- [Problem requirements]: Among the entries, how many lines hold the word "throws"? Respond with that number only.

- [Supplied entries]:
_ _ _ _ _ _ _
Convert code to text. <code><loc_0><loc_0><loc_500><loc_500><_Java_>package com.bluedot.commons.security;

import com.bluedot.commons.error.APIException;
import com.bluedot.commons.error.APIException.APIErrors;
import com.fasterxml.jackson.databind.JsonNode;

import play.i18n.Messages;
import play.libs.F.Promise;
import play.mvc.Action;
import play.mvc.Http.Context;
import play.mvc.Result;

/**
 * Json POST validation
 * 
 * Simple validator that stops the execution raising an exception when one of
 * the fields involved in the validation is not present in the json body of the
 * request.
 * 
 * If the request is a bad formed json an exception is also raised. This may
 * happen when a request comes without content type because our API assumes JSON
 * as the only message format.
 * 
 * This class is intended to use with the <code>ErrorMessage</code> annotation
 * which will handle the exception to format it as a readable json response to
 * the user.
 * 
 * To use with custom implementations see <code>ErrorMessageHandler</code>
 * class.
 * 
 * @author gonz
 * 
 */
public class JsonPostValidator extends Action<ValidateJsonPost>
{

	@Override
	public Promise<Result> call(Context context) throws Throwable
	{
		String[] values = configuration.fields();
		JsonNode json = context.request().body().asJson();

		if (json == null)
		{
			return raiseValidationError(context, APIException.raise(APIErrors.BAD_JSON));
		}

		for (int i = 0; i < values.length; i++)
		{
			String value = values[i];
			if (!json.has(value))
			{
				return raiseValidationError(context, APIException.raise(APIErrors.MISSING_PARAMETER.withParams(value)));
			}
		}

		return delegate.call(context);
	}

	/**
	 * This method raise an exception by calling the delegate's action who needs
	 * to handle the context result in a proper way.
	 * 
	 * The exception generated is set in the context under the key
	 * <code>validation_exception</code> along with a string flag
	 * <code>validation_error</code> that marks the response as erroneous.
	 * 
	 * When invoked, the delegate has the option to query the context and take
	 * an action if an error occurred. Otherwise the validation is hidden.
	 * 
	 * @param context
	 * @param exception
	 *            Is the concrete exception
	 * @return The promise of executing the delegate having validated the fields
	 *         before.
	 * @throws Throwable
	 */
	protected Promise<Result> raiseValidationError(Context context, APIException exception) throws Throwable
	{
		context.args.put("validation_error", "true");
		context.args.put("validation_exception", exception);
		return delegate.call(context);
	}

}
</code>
_ _ _ _ _ _ _
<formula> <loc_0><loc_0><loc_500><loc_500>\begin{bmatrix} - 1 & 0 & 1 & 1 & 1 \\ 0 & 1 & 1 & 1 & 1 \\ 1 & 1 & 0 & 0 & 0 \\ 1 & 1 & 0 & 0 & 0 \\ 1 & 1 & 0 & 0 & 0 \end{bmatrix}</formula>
_ _ _ _ _ _ _
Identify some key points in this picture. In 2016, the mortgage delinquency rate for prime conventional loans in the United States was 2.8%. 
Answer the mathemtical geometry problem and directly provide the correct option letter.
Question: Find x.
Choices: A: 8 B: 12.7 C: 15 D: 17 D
_ _ _ _ _ _ _
- [Output for this task]: 3